Top of Record extracts
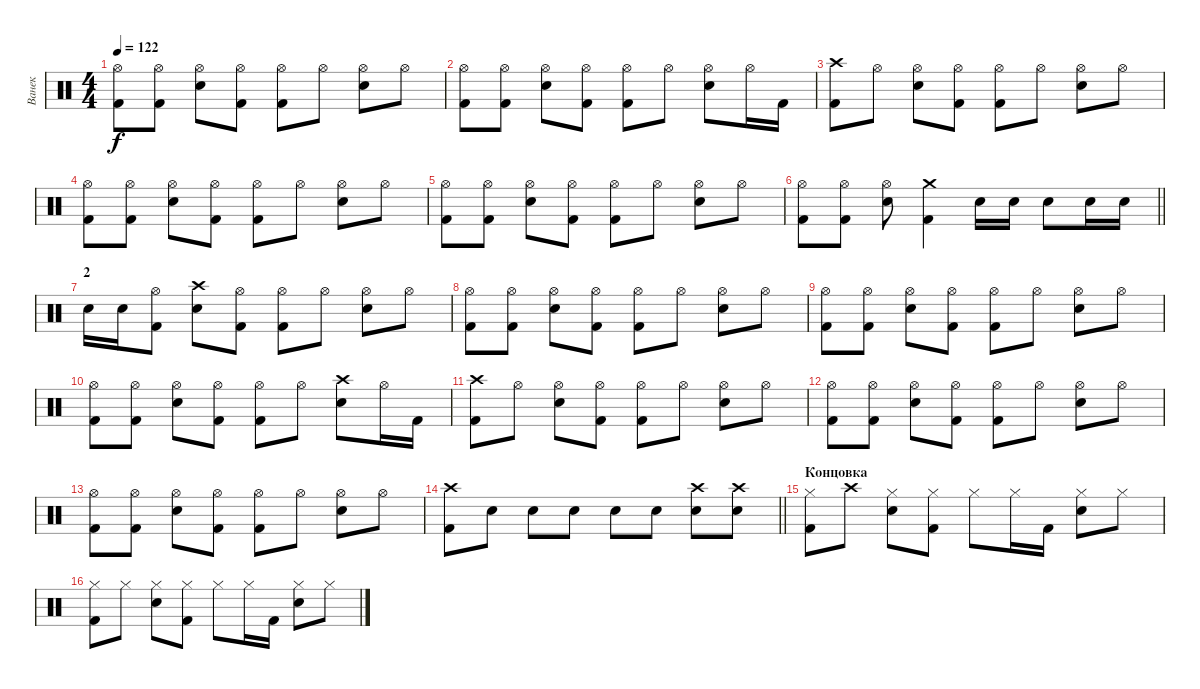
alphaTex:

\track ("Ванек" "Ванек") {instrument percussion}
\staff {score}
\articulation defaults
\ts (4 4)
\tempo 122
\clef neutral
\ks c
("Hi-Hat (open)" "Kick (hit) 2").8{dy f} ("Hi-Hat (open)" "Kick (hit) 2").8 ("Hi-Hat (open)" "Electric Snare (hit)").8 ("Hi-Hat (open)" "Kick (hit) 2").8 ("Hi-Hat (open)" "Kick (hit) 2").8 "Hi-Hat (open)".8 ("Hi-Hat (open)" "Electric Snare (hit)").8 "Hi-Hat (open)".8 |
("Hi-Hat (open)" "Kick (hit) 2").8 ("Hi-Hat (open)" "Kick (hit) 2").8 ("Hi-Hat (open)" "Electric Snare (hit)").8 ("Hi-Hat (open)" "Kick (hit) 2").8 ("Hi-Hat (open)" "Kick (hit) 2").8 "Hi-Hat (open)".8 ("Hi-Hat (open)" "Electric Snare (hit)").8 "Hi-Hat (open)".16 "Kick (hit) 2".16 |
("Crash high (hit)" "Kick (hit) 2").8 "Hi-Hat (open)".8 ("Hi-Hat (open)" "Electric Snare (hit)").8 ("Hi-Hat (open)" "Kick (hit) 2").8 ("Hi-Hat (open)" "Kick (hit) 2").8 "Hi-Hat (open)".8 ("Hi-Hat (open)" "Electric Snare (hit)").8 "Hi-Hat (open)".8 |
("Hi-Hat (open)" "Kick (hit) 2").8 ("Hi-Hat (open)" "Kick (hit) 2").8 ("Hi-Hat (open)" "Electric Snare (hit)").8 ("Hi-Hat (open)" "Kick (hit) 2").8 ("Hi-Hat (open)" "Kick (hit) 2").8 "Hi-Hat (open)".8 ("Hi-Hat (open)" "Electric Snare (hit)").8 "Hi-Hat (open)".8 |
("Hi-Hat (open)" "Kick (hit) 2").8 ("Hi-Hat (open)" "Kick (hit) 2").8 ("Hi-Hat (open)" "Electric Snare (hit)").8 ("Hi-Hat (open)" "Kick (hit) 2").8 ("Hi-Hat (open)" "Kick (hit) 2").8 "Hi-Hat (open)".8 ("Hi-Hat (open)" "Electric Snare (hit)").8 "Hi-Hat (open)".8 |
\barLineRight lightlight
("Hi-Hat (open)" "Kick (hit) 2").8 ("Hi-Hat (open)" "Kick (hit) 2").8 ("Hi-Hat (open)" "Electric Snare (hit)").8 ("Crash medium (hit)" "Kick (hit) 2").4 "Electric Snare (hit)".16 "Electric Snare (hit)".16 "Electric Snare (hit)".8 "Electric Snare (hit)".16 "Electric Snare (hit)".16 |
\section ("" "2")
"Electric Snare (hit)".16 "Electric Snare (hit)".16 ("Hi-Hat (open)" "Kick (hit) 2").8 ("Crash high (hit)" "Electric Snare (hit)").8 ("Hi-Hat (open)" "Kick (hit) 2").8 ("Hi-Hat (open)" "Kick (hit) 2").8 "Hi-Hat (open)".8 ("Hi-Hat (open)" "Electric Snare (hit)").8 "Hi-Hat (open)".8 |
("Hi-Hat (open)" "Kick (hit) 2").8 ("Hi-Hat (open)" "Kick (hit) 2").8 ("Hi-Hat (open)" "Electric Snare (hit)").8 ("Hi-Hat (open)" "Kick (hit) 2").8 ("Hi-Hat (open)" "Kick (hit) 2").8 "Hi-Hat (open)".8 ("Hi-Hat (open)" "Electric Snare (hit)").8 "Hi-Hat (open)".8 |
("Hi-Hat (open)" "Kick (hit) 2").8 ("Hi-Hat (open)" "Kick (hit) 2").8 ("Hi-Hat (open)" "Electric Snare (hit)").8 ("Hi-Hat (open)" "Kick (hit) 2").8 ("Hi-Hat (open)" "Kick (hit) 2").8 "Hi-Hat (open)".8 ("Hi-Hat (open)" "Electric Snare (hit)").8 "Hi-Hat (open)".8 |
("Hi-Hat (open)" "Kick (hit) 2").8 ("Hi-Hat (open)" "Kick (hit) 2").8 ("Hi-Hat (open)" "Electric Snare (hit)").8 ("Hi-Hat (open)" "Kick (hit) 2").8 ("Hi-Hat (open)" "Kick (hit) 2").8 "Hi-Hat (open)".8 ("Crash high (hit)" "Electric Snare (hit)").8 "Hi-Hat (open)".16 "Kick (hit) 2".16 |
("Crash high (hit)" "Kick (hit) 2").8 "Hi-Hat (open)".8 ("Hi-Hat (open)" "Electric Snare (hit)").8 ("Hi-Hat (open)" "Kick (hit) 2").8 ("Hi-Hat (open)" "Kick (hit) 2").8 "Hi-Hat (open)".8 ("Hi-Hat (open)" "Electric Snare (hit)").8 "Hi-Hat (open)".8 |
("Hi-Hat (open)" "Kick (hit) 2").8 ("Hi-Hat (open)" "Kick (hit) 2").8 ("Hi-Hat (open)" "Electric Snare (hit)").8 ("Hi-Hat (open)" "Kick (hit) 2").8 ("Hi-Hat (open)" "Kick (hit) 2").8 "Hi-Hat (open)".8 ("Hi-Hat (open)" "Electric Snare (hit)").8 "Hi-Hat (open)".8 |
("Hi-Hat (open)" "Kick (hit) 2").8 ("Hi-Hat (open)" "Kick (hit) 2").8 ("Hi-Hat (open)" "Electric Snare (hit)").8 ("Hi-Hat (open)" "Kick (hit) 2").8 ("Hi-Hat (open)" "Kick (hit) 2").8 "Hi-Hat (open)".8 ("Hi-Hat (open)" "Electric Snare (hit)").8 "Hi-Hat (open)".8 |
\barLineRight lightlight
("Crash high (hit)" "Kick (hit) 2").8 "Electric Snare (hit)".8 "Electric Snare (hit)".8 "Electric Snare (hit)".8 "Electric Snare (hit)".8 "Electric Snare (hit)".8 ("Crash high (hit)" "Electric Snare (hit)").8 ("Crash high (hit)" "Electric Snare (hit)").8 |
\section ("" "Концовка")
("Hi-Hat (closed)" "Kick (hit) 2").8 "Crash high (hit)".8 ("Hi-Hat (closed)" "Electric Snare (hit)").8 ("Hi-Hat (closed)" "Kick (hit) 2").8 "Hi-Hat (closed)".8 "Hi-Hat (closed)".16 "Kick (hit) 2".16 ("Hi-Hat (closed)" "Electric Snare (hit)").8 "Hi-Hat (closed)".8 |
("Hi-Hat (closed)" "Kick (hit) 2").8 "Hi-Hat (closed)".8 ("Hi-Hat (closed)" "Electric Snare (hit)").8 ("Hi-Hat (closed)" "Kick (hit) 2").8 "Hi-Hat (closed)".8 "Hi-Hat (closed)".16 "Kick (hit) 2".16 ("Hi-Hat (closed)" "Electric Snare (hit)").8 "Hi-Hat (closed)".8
Bottom of Record extracts
Top of Record extracts
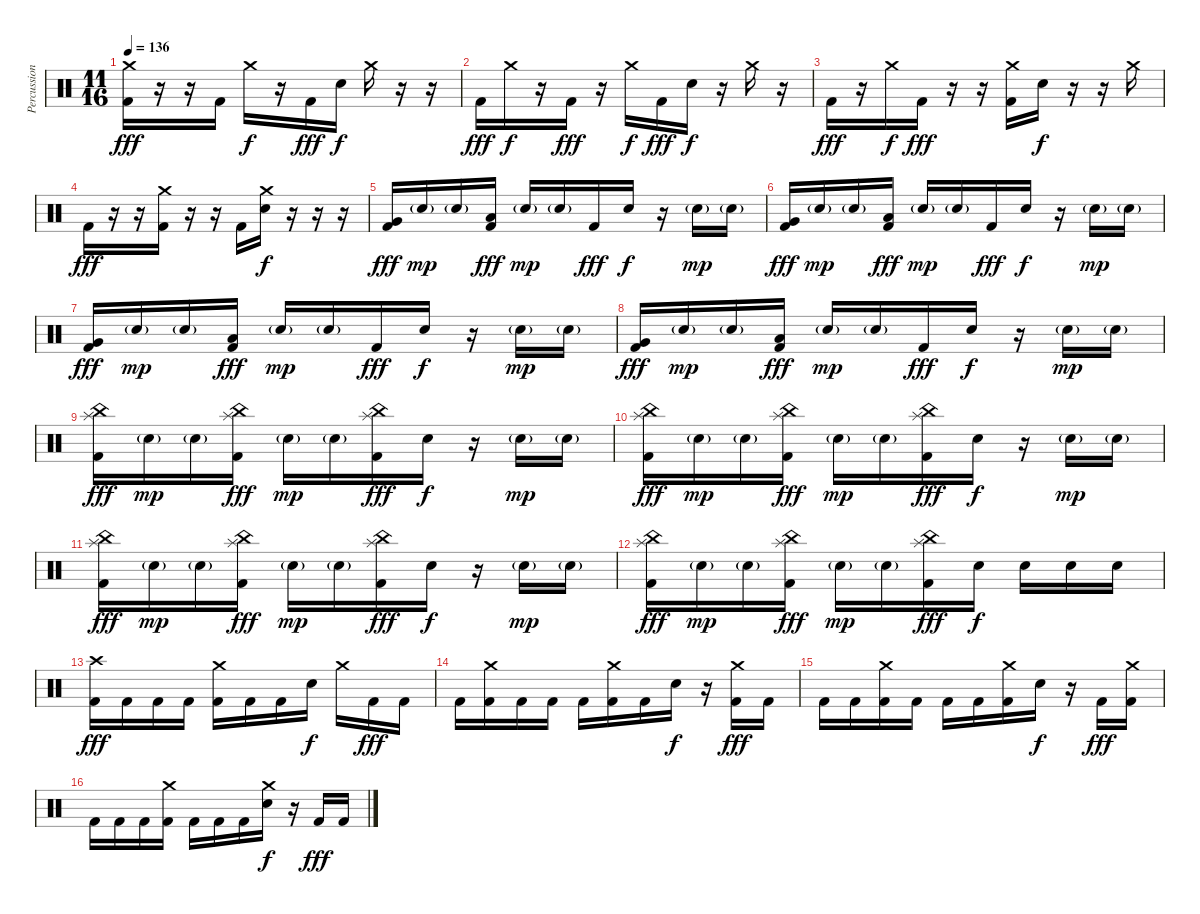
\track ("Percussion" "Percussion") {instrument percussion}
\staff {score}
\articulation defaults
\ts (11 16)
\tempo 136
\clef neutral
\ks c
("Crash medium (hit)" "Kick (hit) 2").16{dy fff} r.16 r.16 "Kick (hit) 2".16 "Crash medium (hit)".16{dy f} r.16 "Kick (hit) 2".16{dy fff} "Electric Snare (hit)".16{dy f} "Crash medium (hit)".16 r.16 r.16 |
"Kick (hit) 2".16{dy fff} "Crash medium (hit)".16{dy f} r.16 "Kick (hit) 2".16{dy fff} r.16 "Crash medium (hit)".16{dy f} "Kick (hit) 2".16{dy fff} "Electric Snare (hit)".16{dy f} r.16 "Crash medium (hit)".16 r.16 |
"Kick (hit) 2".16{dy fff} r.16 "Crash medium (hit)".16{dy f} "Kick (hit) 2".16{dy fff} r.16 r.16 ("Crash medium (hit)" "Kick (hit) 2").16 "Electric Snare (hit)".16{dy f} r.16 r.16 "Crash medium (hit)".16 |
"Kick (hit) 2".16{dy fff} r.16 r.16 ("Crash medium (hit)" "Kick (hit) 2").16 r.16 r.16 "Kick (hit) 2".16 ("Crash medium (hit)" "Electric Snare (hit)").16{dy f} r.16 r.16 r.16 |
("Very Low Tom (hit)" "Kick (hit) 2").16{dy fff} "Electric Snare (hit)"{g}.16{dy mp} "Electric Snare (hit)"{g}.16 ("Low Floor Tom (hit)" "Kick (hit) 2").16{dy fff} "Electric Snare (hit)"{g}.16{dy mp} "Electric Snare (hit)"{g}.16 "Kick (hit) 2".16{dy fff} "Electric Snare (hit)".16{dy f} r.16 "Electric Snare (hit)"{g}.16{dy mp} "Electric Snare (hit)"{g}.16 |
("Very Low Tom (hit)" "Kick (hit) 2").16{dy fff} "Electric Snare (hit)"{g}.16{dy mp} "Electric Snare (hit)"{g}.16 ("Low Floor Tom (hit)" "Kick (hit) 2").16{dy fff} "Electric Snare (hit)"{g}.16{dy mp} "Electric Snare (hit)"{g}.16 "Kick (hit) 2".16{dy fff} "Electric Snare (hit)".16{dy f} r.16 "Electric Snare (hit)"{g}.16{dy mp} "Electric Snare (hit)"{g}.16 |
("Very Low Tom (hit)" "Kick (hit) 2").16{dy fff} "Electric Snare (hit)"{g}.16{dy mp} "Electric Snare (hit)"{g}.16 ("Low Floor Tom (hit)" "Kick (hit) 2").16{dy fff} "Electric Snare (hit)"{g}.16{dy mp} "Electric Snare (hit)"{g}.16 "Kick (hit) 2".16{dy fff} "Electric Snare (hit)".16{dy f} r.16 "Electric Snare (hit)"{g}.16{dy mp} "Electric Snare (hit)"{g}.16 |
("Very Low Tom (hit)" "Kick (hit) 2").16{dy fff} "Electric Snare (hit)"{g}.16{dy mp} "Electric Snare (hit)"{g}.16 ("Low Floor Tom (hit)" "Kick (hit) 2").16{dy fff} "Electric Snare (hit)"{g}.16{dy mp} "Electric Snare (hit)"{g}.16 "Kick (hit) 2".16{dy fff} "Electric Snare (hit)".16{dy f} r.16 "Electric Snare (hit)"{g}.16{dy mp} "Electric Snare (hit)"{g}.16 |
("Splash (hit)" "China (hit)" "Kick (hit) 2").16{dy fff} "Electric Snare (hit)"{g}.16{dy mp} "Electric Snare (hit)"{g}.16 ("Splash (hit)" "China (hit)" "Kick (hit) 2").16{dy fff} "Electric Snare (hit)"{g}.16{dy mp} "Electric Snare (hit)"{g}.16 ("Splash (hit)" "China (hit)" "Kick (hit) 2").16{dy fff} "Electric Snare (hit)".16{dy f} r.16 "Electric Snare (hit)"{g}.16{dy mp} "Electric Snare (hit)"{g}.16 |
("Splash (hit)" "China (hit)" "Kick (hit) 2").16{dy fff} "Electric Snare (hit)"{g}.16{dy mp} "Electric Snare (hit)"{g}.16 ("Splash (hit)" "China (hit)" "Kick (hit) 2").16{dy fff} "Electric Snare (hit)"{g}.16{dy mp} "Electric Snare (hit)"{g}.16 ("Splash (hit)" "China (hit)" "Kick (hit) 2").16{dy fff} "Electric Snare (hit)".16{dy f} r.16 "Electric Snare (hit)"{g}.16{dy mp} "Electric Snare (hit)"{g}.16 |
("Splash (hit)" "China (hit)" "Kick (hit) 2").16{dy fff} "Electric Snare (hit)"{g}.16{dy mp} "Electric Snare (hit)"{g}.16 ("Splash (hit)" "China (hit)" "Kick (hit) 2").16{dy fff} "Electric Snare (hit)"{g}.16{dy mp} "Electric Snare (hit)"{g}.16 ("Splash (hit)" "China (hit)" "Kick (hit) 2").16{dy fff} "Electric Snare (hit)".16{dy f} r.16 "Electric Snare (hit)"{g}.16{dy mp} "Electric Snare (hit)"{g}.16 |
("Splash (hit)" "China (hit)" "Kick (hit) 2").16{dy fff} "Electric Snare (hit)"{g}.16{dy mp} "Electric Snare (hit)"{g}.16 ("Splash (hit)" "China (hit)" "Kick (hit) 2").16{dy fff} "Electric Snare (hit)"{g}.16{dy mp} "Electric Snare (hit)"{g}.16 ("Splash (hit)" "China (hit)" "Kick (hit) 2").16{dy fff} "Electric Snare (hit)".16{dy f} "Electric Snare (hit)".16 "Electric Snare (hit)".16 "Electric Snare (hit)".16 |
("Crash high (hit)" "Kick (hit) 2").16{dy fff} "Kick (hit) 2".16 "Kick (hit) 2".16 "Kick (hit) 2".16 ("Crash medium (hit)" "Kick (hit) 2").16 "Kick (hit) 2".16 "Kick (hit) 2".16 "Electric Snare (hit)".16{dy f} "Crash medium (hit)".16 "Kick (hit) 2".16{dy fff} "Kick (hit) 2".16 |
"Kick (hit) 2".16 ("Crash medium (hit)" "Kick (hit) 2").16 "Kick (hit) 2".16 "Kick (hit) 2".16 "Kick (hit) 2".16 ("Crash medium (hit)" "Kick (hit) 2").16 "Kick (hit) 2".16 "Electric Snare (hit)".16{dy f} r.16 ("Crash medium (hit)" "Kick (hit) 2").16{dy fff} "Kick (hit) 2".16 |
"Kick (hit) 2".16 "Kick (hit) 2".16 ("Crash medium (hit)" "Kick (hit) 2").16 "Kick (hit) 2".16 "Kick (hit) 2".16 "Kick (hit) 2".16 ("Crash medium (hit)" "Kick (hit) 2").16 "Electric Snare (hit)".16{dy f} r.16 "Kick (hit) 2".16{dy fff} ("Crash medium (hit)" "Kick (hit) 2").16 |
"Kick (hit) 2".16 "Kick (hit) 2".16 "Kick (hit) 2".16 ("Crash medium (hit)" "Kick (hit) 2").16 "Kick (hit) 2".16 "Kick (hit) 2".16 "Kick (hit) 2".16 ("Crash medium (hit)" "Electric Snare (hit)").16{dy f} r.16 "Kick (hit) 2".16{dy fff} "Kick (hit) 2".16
Bottom of Record extracts
# Assignment
Locate the word "instrument" in the records above, and return each line that has it.

# Written answer
\track ("Ванек" "Ванек") {instrument percussion}
\track ("Percussion" "Percussion") {instrument percussion}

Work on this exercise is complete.